Dataset entries:
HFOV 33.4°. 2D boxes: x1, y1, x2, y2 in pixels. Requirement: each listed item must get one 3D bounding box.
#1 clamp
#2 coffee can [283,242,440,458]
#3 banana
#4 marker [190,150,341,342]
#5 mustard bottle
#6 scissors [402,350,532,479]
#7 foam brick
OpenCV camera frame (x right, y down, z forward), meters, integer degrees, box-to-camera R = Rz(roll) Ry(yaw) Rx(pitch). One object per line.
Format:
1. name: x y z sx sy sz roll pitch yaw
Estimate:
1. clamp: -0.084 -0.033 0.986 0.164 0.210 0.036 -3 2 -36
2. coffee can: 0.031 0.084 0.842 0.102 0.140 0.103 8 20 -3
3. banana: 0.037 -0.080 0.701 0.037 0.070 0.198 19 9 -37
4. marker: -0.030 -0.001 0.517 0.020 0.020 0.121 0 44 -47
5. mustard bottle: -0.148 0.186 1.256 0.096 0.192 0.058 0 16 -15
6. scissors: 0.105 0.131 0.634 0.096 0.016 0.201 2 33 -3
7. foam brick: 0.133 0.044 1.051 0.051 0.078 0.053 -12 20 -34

---

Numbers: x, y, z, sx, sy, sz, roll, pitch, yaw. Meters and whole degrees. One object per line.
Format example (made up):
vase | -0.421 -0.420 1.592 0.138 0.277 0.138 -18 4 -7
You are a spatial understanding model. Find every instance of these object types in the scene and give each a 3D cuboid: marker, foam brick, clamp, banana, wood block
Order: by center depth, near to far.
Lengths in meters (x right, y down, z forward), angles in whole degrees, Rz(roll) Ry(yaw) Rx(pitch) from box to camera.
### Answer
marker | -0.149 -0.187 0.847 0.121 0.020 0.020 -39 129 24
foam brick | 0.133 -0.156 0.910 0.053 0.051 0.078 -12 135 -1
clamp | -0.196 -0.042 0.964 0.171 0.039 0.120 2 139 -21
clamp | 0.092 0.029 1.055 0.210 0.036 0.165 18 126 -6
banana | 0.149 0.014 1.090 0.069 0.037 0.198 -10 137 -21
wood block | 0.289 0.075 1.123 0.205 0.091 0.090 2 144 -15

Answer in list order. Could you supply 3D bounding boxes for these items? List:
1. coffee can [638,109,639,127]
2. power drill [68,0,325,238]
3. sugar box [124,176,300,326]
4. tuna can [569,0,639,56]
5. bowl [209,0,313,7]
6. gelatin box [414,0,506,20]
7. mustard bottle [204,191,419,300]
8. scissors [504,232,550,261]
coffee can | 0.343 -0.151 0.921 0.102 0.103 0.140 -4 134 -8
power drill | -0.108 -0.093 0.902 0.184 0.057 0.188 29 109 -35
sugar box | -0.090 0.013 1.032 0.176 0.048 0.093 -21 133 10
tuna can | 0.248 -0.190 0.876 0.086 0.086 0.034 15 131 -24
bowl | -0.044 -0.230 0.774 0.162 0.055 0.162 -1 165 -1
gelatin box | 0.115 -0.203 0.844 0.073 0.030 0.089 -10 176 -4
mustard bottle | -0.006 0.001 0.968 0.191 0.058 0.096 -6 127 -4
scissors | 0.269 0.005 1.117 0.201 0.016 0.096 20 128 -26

==

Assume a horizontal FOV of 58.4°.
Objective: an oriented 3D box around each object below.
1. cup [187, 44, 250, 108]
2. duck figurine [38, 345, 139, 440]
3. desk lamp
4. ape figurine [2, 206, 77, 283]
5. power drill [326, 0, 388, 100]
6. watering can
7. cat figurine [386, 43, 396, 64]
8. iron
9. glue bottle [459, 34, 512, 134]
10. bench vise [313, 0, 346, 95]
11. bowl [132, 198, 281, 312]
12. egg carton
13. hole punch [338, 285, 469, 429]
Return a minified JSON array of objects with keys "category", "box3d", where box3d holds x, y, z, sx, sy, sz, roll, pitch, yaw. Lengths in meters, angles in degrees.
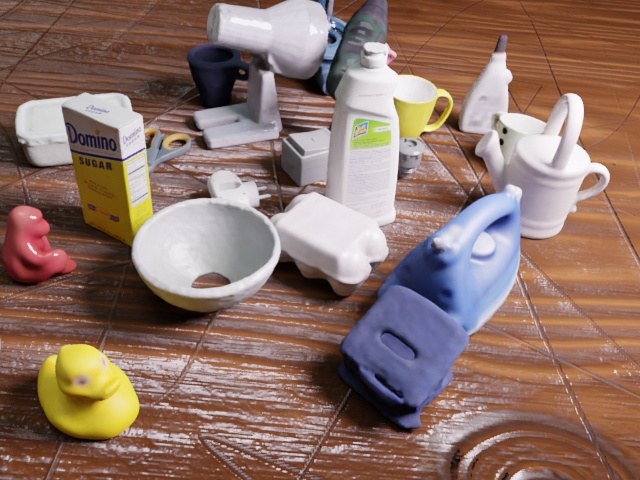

• Action item:
From the entries above, copy each line that holds "boxes".

• Reply:
HFOV 33.4°. 2D boxes: x1, y1, x2, y2 in pixels. Requirement: each listed item must get one 3D bounding box.
Answer in list order. Could you supply 3D bounding boxes for these items? List:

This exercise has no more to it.